Applications can subscribe to the low inventory topic and react in real time.
So as we said it’s important to define a schema that validates the messages format and type.
Avro provides 1) rich data structures 2) compact fast binary data format and Avro schema’s are defined in JSON.
It’s considered one of the best practices in both streaming and batch processing applications.
What is really interesting about Avro is that supports schema evolution and ensures forward and backward compatibility.
So we generate both sales and shipment records for about 2 M messages / sec… and this is only by utilising 1 thread.
The serializer automatically registers the new schema into schema registry and this is how it would look like.
To start building a spark streaming application you need to add the dependencies of course, and create the spark streaming context (a bit of boilerplate required) to set up the window mainly and pretty much run a spark job every 4 seconds.
In our spark st app we are defining the typed data format. What is interesting about is that even if the producer of this message decides to evolve/change the data schema this code will still work.
We we set up the code to subscribe one consumer to each topic and continuously poll data from kafka about these topics and deserialise into objects.
We pull shipment records and we calculate the “inventory on hand” by increasing the availability of the product from the shipment messages and decreasing from the sales.
If the availability of a product drops below a certain threashold, we generate a ‘low-availability’ event/message to a new topic, for other applications to react
The idea is for downstream applications (or connectors) to update our catalogue in real-time as presented in web and mobile apps
Re-order products with low-inventory at a particular store
This is the entire spark streaming application you require for this example. Simple?
So we generated 1B messages in less than 30 min.
Obviously when it comes to production monitoring is crusial.
There are noumerus tools out there for this job, and kafka itself provides a rich set of metrics that applications such as Prometeus and Graphana can expose and visualise.
And if you are the poor devops guy that needs to deploy, configure and scale up or down, view logs etc…
How can you deliver such an infrastructure ?
Actually this is a hard task. Fortunately some amazing developers provide an integration that sorts this problem
In a matter of minutes.
Confluent-On-Cloudera => Excellent integration with Hadoop
http://www.landoop.com/blog/2016/07/confluent-on-cloudera/
So these tools we’ve seen, seem to be very commonly used together in the streaming architecture. Spark and in particular Spark Streaming and Kafka for ingesting the data in adorable resilient scalable away.
You normally require some sort of scalable distributed storage most commonly used Cassandra but in principle it can be almost any other data store.
And some missing parts ”how do I glue things together?” and “what infrastructure to run them on?”
So we’ve seen people adapting this kind of humourus acronym SMACK stack which stands for …

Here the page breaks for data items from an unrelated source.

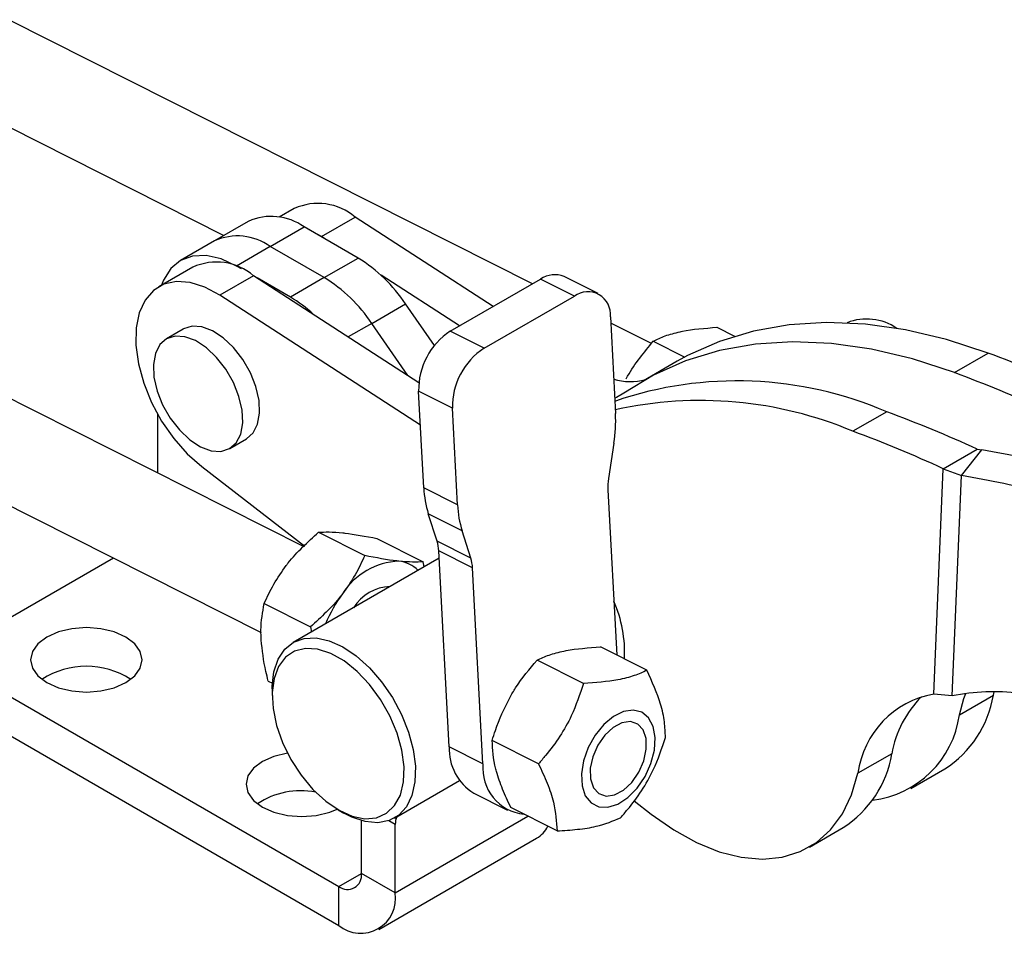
# Model space of a CAD drawing. Extents: x 6 to 410, y 86 to 287.
# Tile 11 of 13: x 265 to 327, y 134 to 191. Entities that reach past the tile are written whole.
import ezdxf

# ---------------------------------------------------------------- set-up
doc = ezdxf.new("R2010")
doc.units = 0
doc.layers.get('0').update_dxf_attribs({"linetype": 'CONTINUOUS'})

msp = doc.modelspace()

# ---------------------------------------------------------------- linework, layer by layer
at = {"color": 7, "linetype": 'CONTINUOUS'}
for p, q in [((297.0675, 174.512), (264.2385, 191.0566)), ((264.2456, 184.3342), (277.7282, 177.5395)), ((282.751, 158.0256), (240.7338, 179.2008)), ((282.1347, 179.2213), (281.1972, 178.6801)), ((279.2512, 178.4187), (277.1299, 177.194)), ((283.8301, 177.4641), (285.9514, 178.6887)), ((294.6016, 173.0885), (285.9514, 178.6887)), ((280.6296, 176.8475), (282.7509, 178.0721)), ((286.1318, 176.1204), (282.7509, 178.0721)), ((283.8301, 177.4641), (283.0605, 177.8934)), ((277.1299, 177.194), (275.0085, 175.9694)), ((284.0434, 177.3259), (283.8301, 177.4641)), ((280.6296, 176.8475), (278.5082, 175.6229)), ((284.0104, 174.8958), (280.6296, 176.8475)), ((284.0104, 174.8958), (286.1318, 176.1204)), ((275.7707, 175.5475), (273.6494, 174.3229)), ((278.8178, 175.4442), (278.5082, 175.6229)), ((279.5874, 175.0148), (277.4661, 173.7902)), ((289.9412, 168.3117), (279.5874, 175.0148)), ((281.8891, 173.6711), (279.8008, 174.8767)), ((284.0104, 174.8958), (281.8891, 173.6711)), ((292.4803, 171.8638), (287.5724, 175.0412)), ((291.9128, 171.5363), (297.5697, 174.8019)), ((299.6867, 173.735), (297.5697, 174.8019)), ((301.1713, 173.8917), (299.0542, 174.9586)), ((238.0335, 173.8428), (280.0505, 152.6677)), ((290.0399, 165.6498), (277.4661, 173.7902)), ((294.0299, 170.4693), (299.6867, 173.735)), ((286.9904, 172.0235), (289.1118, 173.2481)), ((290.9125, 170.6407), (289.1118, 173.2481)), ((301.9425, 172.4373), (302.2658, 166.3714)), ((275.1805, 171.6706), (274.1199, 171.0583)), ((289.2405, 168.7653), (286.9904, 172.0235)), ((294.0299, 170.4693), (291.9128, 171.5363)), ((304.519, 170.7567), (301.9634, 172.0446)), ((308.6209, 171.7827), (309.7316, 171.2229)), ((304.6353, 170.9147), (306.6107, 169.9192)), ((323.5054, 168.9424), (325.6267, 170.167)), ((306.1383, 169.6562), (304.017, 168.4316)), ((292.043, 166.7224), (289.9259, 167.7894)), ((290.2492, 161.7234), (289.9259, 167.7894)), ((292.3663, 160.6565), (292.043, 166.7224)), ((273.5585, 166.363), (273.5585, 162.6583)), ((319.2627, 166.4932), (317.1414, 165.2686)), ((278.0883, 164.184), (279.149, 164.7963)), ((302.1658, 164.5193), (301.8283, 162.3024)), ((322.807, 162.9218), (324.9283, 164.1464)), ((324.9283, 164.1464), (325.2163, 164.1087)), ((323.9476, 162.4995), (325.2163, 164.1087)), ((276.3336, 163.0528), (282.7879, 158.063)), ((322.2066, 148.7997), (322.807, 162.9218)), ((322.807, 162.9218), (323.9476, 162.4995)), ((323.3603, 148.6817), (323.9476, 162.4995)), ((292.3663, 160.6565), (290.2492, 161.7234)), ((301.7908, 161.6078), (302.3432, 151.2413)), ((292.6518, 159.0269), (290.5347, 160.0939)), ((291.0814, 158.3874), (290.5347, 160.0939)), ((283.6513, 158.9363), (286.5494, 157.4757)), ((293.1984, 157.3205), (292.6518, 159.0269)), ((287.3162, 158.5502), (290.2143, 157.0896)), ((293.1984, 157.3205), (291.0814, 158.3874)), ((293.3055, 156.7094), (291.1884, 157.7763)), ((291.8428, 145.4968), (291.1884, 157.7763)), ((270.8155, 157.3218), (262.8809, 152.7414)), ((291.2132, 157.3107), (282.0657, 152.03)), ((290.2777, 156.7707), (290.2143, 157.0896)), ((293.9599, 144.4299), (293.3055, 156.7094)), ((280.2451, 154.4682), (283.1433, 153.0076)), ((283.1433, 153.0076), (283.2066, 152.6886)), ((304.2317, 150.2896), (301.3336, 151.7502)), ((300.2541, 149.4669), (297.356, 150.9275)), ((262.8809, 149.4757), (284.9236, 136.7508)), ((280.5038, 149.614), (280.7616, 149.4841)), ((280.7503, 149.1227), (280.7503, 148.7144)), ((323.3603, 148.6817), (322.2066, 148.7997)), ((323.822, 147.5083), (325.9433, 148.7329)), ((325.9433, 148.7329), (325.9925, 148.9449)), ((262.8809, 147.0261), (284.9236, 134.3012)), ((297.4382, 144.4371), (294.5401, 145.8976)), ((293.9599, 144.4299), (291.8428, 145.4968)), ((319.5793, 145.059), (317.458, 143.8344)), ((320.7758, 142.8847), (322.8971, 144.1093)), ((288.4152, 141.0311), (292.4881, 143.3824)), ((293.3852, 142.588), (295.5023, 141.5211)), ((303.4249, 142.1087), (304.4902, 141.2852)), ((284.8862, 141.5501), (285.2397, 141.3459)), ((298.5999, 140.2299), (295.7018, 141.6905)), ((286.3378, 137.5674), (286.3378, 140.8693)), ((288.4591, 136.3428), (288.4591, 140.63)), ((314.4118, 139.2109), (316.5331, 140.4355)), ((287.4234, 134.0536), (297.3229, 139.7685)), ((288.4591, 136.3428), (286.3378, 137.5674)), ((284.9236, 134.3012), (284.9236, 136.7508))]:
    msp.add_line(p, q, dxfattribs=at)
at = {"color": 8, "linetype": 'CONTINUOUS'}
for p, q in [((286.9904, 172.0235), (285.5195, 171.1743)), ((288.4591, 140.63), (288.0522, 140.8648)), ((288.4591, 136.3428), (296.7807, 141.1468)), ((284.9236, 136.7508), (286.3378, 137.5672))]:
    msp.add_line(p, q, dxfattribs=at)
at = {"color": 7, "linetype": 'CONTINUOUS', "flags": 128}
for points in [[(278.5082, 175.6229), (277.5426, 176.0705), (276.6141, 176.2813), (275.7583, 176.2471), (275.0082, 175.9693), (274.3927, 175.4585), (273.9353, 174.7344), (273.8089, 174.4149)], [(277.4661, 173.7902), (276.5252, 174.2963), (275.6072, 174.5849), (274.7451, 174.6458), (273.9697, 174.4768), (273.3089, 174.0839), (272.7864, 173.4812), (272.4208, 172.6904), (272.2253, 171.7398), (272.207, 170.6634), (272.3664, 169.4999), (272.6979, 168.291), (273.1895, 167.08), (273.8237, 165.9104), (274.5777, 164.8241), (275.4244, 163.86), (276.3336, 163.0528)], [(279.149, 164.7963), (279.5579, 165.1594), (279.8391, 165.7076), (279.9649, 166.4026), (279.928, 167.204), (279.7305, 168.0652), (279.3838, 168.9362), (278.9082, 169.7663), (278.3313, 170.5074), (277.6866, 171.1163), (277.0115, 171.5577), (276.3454, 171.8059), (275.7269, 171.8465), (275.1919, 171.6771), (275.1805, 171.6706)], [(325.6267, 170.167), (323.008, 171.0206), (320.4377, 171.6277), (317.9296, 171.9849), (315.497, 172.0905), (313.1528, 171.9439), (310.9095, 171.5457), (308.7789, 170.8982), (306.7725, 170.0048), (306.1383, 169.6562)], [(276.9235, 164.0487), (277.542, 164.0081), (278.0769, 164.1775), (278.4972, 164.5471), (278.7785, 165.0953), (278.9043, 165.7903), (278.8673, 166.5916), (278.6698, 167.4529), (278.3232, 168.3239), (277.8476, 169.154), (277.2706, 169.8951), (276.6259, 170.504), (275.9509, 170.9454), (275.2847, 171.1936), (274.6662, 171.2342), (274.1312, 171.0648), (273.7109, 170.6952), (273.4297, 170.147), (273.3039, 169.452), (273.3408, 168.6507), (273.5384, 167.7894), (273.885, 166.9184), (274.3606, 166.0883), (274.9375, 165.3472), (275.5823, 164.7383), (276.2573, 164.2969), (276.9235, 164.0487)], [(323.5054, 168.9424), (320.8866, 169.796), (318.3164, 170.4031), (315.8083, 170.7603), (313.3757, 170.8659), (311.0315, 170.7192), (308.7881, 170.3211), (306.6576, 169.6736), (304.6512, 168.7802), (302.7795, 167.6457)], [(302.7795, 167.6457), (302.3291, 167.393), (302.2138, 167.3454)], [(271.5784, 149.5165), (272.1346, 149.935), (272.4842, 150.4223), (272.6035, 150.9453), (272.4842, 151.4682), (272.1346, 151.9555), (271.5784, 152.374), (270.8535, 152.6951), (270.0093, 152.8969), (269.1035, 152.9658), (268.1976, 152.8969), (267.3535, 152.6951), (266.6286, 152.374), (266.0724, 151.9555), (265.7227, 151.4682), (265.6035, 150.9453), (265.7227, 150.4223), (266.0724, 149.935), (266.6286, 149.5165), (267.3535, 149.1954), (268.1976, 148.9936), (269.1035, 148.9247), (270.0093, 148.9936), (270.8535, 149.1954), (271.5784, 149.5165)], [(280.7503, 149.1227), (280.7526, 149.2861), (280.8607, 150.2015), (281.1271, 150.9842), (281.5422, 151.606), (282.0909, 152.0443), (282.7535, 152.2833), (283.5059, 152.3144), (284.3211, 152.1365), (285.1694, 151.7559), (286.0204, 151.1865), (286.8431, 150.4488), (287.6079, 149.5695), (288.2872, 148.5804), (288.8563, 147.5171), (289.2948, 146.4183), (289.5867, 145.3234), (289.7215, 144.2722)], [(289.0151, 144.246), (288.8779, 145.2786), (288.5772, 146.3542), (288.1255, 147.4286), (287.5411, 148.4579), (286.8481, 149.4), (286.0748, 150.2162), (285.2529, 150.8732), (284.416, 151.344), (283.5984, 151.6094), (282.8335, 151.6585), (282.1527, 151.4894), (281.5838, 151.1088), (281.1501, 150.5325), (280.8695, 149.784), (280.7533, 148.8939), (280.8063, 147.8987), (281.0264, 146.8391), (281.4046, 145.7586), (281.9253, 144.7013), (282.5672, 143.7105), (283.3042, 142.8269), (284.1059, 142.0865), (284.9396, 141.5197), (285.7711, 141.1496), (286.5665, 140.9916), (287.293, 141.0519), (287.9211, 141.3282), (288.4249, 141.8091), (288.7839, 142.4749), (288.9834, 143.2985), (289.0151, 144.246)], [(323.822, 147.5083), (324.1038, 148.5144), (324.2213, 148.8328)], [(304.1162, 143.6393), (304.4839, 144.4484), (304.6998, 145.2796), (304.7479, 146.0711), (304.6245, 146.7643), (304.3389, 147.3077), (303.9122, 147.6612), (303.3761, 147.7983), (302.7703, 147.709), (302.1397, 147.4), (301.5312, 146.894), (300.9898, 146.2287), (300.5558, 145.4534), (300.2612, 144.6255), (300.128, 143.8065), (300.166, 143.0572), (300.3724, 142.4331), (300.7319, 141.9804), (301.2178, 141.7328), (301.7942, 141.7086), (302.4181, 141.9097), (303.0435, 142.321), (303.6239, 142.9122), (304.1162, 143.6393)], [(303.7215, 143.8992), (304.0354, 144.6136), (304.1928, 145.341), (304.1783, 146.01), (303.9933, 146.5552), (303.656, 146.9233), (303.1993, 147.0782), (302.6679, 147.0047), (302.1139, 146.71), (301.5915, 146.223), (301.1518, 145.5914), (300.8379, 144.877), (300.6805, 144.1496), (300.695, 143.4806), (300.88, 142.9354), (301.2173, 142.5673), (301.674, 142.4125), (302.2054, 142.486), (302.7594, 142.7806), (303.2818, 143.2676), (303.7215, 143.8992)], [(281.7099, 145.1012), (281.7034, 145.1002), (280.8592, 144.8984), (280.1343, 144.5773), (279.5781, 144.1588), (279.2285, 143.6715), (279.1092, 143.1486), (279.2285, 142.6256), (279.5781, 142.1383), (280.1343, 141.7198), (280.8592, 141.3987), (281.7034, 141.1969), (282.6092, 141.128), (283.5151, 141.1969), (284.3592, 141.3987), (284.8263, 141.5851)], [(289.7215, 144.2722), (289.6944, 143.3027), (289.5063, 142.4497), (289.164, 141.7443), (288.6799, 141.2119), (288.0715, 140.8717), (287.3608, 140.736), (286.5734, 140.8098), (285.7379, 141.0903), (285.2397, 141.3459)], [(304.4902, 141.2852), (305.9158, 140.2891), (307.349, 139.4975), (308.7669, 138.9232), (310.1468, 138.5752), (311.4667, 138.4591), (312.7055, 138.5768), (313.8436, 138.9263), (314.8627, 139.5022), (315.7466, 140.2952), (316.4812, 141.2927), (317.0547, 142.4788), (317.458, 143.8344)]]:
    msp.add_lwpolyline(points, dxfattribs=at)
at = {"color": 7, "linetype": 'CONTINUOUS'}
for centre, radius, start, end in [((283.6233, 175.947), 3.5968, 49.663296, 114.447831), ((280.7004, 175.2099), 3.5208, 54.382429, 114.307112), ((278.5791, 173.9853), 3.5208, 54.382429, 114.307112), ((277.2593, 172.2732), 3.5968, 49.663296, 114.447831), ((281.1098, 167.928), 9.6091, 33.617652, 58.491201), ((278.9884, 166.7034), 9.6091, 33.617652, 58.491201), ((298.4552, 173.5236), 1.5551, 67.34185, 124.710484), ((300.5292, 172.59), 1.4215, 353.833046, 126.344868), ((277.7786, 166.6823), 8.1081, 46.79173, 59.537721), ((318.0047, 168.9674), 3.3336, 55.573916, 111.642505), ((294.3005, 167.8699), 4.3753, 123.073752, 181.054439), ((296.4176, 166.8029), 4.3753, 123.073726, 181.054465), ((297.401, 94.0147), 81.215, 65.3356, 69.662914), ((303.192, 172.0347), 3.6568, 253.45681, 285.044368), ((295.2797, 92.79), 81.215, 65.3356, 69.662914), ((309.8844, 144.6537), 23.768, 66.760241, 108.723572), ((307.603, 142.6157), 24.5791, 67.165682, 102.571348), ((293.1531, 165.9345), 9.1231, 351.075793, 2.744772), ((291.0371, 90.3408), 81.215, 65.3356, 69.662914), ((288.9157, 89.1162), 81.215, 65.3356, 69.662914), ((304.5254, 50.2618), 115.7119, 76.972727, 79.699307), ((305.2082, 161.7716), 3.4214, 171.076178, 182.74451), ((303.2613, 48.6763), 115.6877, 77.0196, 79.699407), ((296.7255, 162.0184), 6.4831, 182.607747, 197.268978), ((298.8426, 160.9515), 6.4831, 182.607747, 197.268978), ((288.7598, 157.6657), 2.4311, 2.607502, 17.268926), ((288.8443, 152.7861), 4.3403, 91.944053, 148.050571), ((288.5072, 155.2097), 1.9235, 44.037621, 84.33602), ((290.877, 156.5988), 2.431, 2.607362, 17.269282), ((288.2527, 152.6963), 2.8429, 92.257003, 147.73762), ((291.5783, 150.216), 8.0537, 142.821168, 158.221457), ((294.735, 151.3915), 8.1025, 357.209595, 23.549945), ((269.1035, 145.4298), 5.1145, 57.026, 122.974), ((323.22, 143.0772), 5.8116, 100.042358, 172.513262), ((319.2379, 149.8355), 6.7955, 302.580358, 350.662422), ((325.9591, 136.0593), 12.8872, 82.783887, 101.633989), ((326.2703, 143.8513), 6.7991, 135.259252, 169.768483), ((317.6317, 148.3593), 6.2485, 276.777027, 352.172435), ((295.0796, 145.3498), 3.24, 177.398078, 238.470875), ((312.8739, 146.1616), 6.7955, 302.580358, 350.662422), ((296.8444, 144.153), 2.8978, 174.515211, 263.812287), ((282.5489, 137.8142), 4.93, 79.242488, 123.531005), ((289.7854, 140.6006), 1.3267, 157.109396, 178.732057), ((296.3855, 141.3491), 1.8377, 300.670457, 333.165469), ((285.4756, 137.4276), 0.8734, 230.796608, 9.214051), ((286.3037, 135.9932), 2.1835, 230.796673, 9.214042)]:
    msp.add_arc(centre, radius, start, end, dxfattribs=at)
for points, knots in [([(306.313, 171.5075), (306.3605, 171.5176), (307.038, 171.6619), (307.8582, 171.7245), (308.6209, 171.7827)], [0, 0, 0, 0, 0.0702002, 1, 1, 1, 1]), ([(304.6353, 170.9147), (304.8709, 171.0296), (305.3463, 171.2614), (305.9888, 171.425), (306.313, 171.5075)], [0, 0, 0, 0, 0.4954577, 1, 1, 1, 1]), ([(302.9249, 168.5504), (302.9583, 168.61), (303.4339, 169.4598), (304.0565, 170.2137), (304.6353, 170.9147)], [0, 0, 0, 0, 0.07020062, 1, 1, 1, 1]), ([(281.6331, 156.861), (281.6738, 156.9138), (282.2534, 157.666), (282.9778, 158.3242), (283.6513, 158.9363)], [0, 0, 0, 0, 0.0702001, 1, 1, 1, 1]), ([(283.6513, 158.9363), (283.8608, 158.9493), (284.2837, 158.9756), (284.8718, 158.9267), (285.1686, 158.9021)], [0, 0, 0, 0, 0.495458, 1, 1, 1, 1]), ([(285.1686, 158.9021), (285.2124, 158.8973), (285.8356, 158.8299), (286.6028, 158.6849), (287.3162, 158.5502)], [0, 0, 0, 0, 0.0702007, 1, 1, 1, 1]), ([(286.5494, 157.4757), (286.3609, 157.0685), (285.9805, 156.2466), (285.4361, 155.4731), (285.1615, 155.0828)], [0, 0, 0, 0, 0.4954582, 1, 1, 1, 1]), ([(288.697, 157.1238), (288.6533, 157.1286), (288.03, 157.196), (287.2628, 157.341), (286.5494, 157.4757)], [0, 0, 0, 0, 0.07020036, 1, 1, 1, 1]), ([(280.2451, 154.4682), (280.4336, 154.8754), (280.8141, 155.6973), (281.3584, 156.4708), (281.6331, 156.861)], [0, 0, 0, 0, 0.495458, 1, 1, 1, 1]), ([(290.2143, 157.0896), (290.0048, 157.0766), (289.5819, 157.0503), (288.9938, 157.0992), (288.697, 157.1238)], [0, 0, 0, 0, 0.4954579, 1, 1, 1, 1]), ([(285.1615, 155.0828), (285.1208, 155.03), (284.5412, 154.2779), (283.8168, 153.6196), (283.1433, 153.0076)], [0, 0, 0, 0, 0.07020064, 1, 1, 1, 1]), ([(280.0593, 152.1999), (280.0525, 152.401), (280.0247, 153.2143), (280.1505, 153.9296), (280.2451, 154.4682)], [0, 0, 0, 0, 0.2472351, 1, 1, 1, 1]), ([(280.5038, 149.614), (280.4514, 149.8178), (280.2238, 150.7019), (280.1309, 151.5485), (280.0593, 152.1999)], [0, 0, 0, 0, 0.2305389, 1, 1, 1, 1]), ([(297.356, 150.9275), (297.5909, 151.0387), (298.065, 151.2631), (298.7062, 151.419), (299.0297, 151.4976)], [0, 0, 0, 0, 0.4954582, 1, 1, 1, 1]), ([(299.0297, 151.4976), (299.0771, 151.5072), (299.7532, 151.6439), (300.5722, 151.6989), (301.3336, 151.7502)], [0, 0, 0, 0, 0.0702007, 1, 1, 1, 1]), ([(295.6329, 148.5714), (295.7546, 148.7798), (296.2471, 149.6228), (296.8798, 150.3672), (297.356, 150.9275)], [0, 0, 0, 0, 0.2472352, 1, 1, 1, 1]), ([(304.2317, 150.2896), (303.977, 150.1727), (303.4621, 149.9364), (302.2097, 149.6054), (301.0114, 149.5205), (300.2541, 149.4669)], [0, 0, 0, 0, 0.26485892, 0.53546082, 1, 1, 1, 1]), ([(305.3934, 146.0825), (305.383, 146.4019), (305.3619, 147.0476), (305.0678, 148.4284), (304.5555, 149.5689), (304.2317, 150.2896)], [0, 0, 0, 0, 0.2648589, 0.5354609, 1, 1, 1, 1]), ([(300.2541, 149.4669), (300.0282, 148.7803), (299.6517, 147.636), (298.7931, 146.1263), (298.0641, 145.1479), (297.5859, 144.6049), (297.4382, 144.4371)], [0, 0, 0, 0, 0.3763238, 0.6271743, 0.8848006, 1, 1, 1, 1]), ([(294.5401, 145.8976), (294.6031, 146.108), (294.8763, 147.0207), (295.3039, 147.8971), (295.6329, 148.5714)], [0, 0, 0, 0, 0.23053907, 1, 1, 1, 1]), ([(294.8058, 143.9529), (294.7923, 144.0026), (294.6007, 144.7107), (294.5693, 145.3257), (294.5401, 145.8976)], [0, 0, 0, 0, 0.0702006, 1, 1, 1, 1]), ([(302.5775, 141.0526), (302.7253, 141.2204), (303.1952, 141.7541), (303.9253, 142.7312), (304.7871, 144.2398), (305.1675, 145.3959), (305.3934, 146.0825)], [0, 0, 0, 0, 0.1151998, 0.36639673, 0.62367436, 1, 1, 1, 1]), ([(297.4382, 144.4371), (297.6293, 144.0266), (298.0156, 143.1968), (298.5123, 141.7139), (298.566, 140.8046), (298.5999, 140.2299)], [0, 0, 0, 0, 0.2648591, 0.535461, 1, 1, 1, 1]), ([(295.7018, 141.6905), (295.5194, 142.0765), (295.1512, 142.8556), (294.9216, 143.5849), (294.8058, 143.9529)], [0, 0, 0, 0, 0.4954581, 1, 1, 1, 1]), ([(298.5999, 140.2299), (299.0353, 140.2558), (299.9154, 140.308), (301.3704, 140.537), (302.1101, 140.853), (302.5775, 141.0526)], [0, 0, 0, 0, 0.264859, 0.5354609, 1, 1, 1, 1])]:
    msp.add_open_spline(points, degree=3, knots=knots, dxfattribs=at)

doc.saveas('drawing.dxf')

Mesos is emerging the next generation in managing a clustering system, still early days but we really like it.
Akka is meeting the need for micro services and glues things together especially with Akka Streams..
Not necessarily agree with it, but all these technologies fit nicely together and we need to be wise when choosing our technology stack...
So this would be a high level architecture on your distributed systems.
We can use our Hadoop cluster, as a DW and for running our Analytics and Machine Learning,
And run on it our Kafka based streaming platform as well
We will most probably use one or more NoSQL clusters, and for our custom and stateless applications we can utilize a Mesos
Cluster and run them within docker containers.
Depending on your needs, you adjust your architecture – but this a very common pattern we’ve seen across many organizations.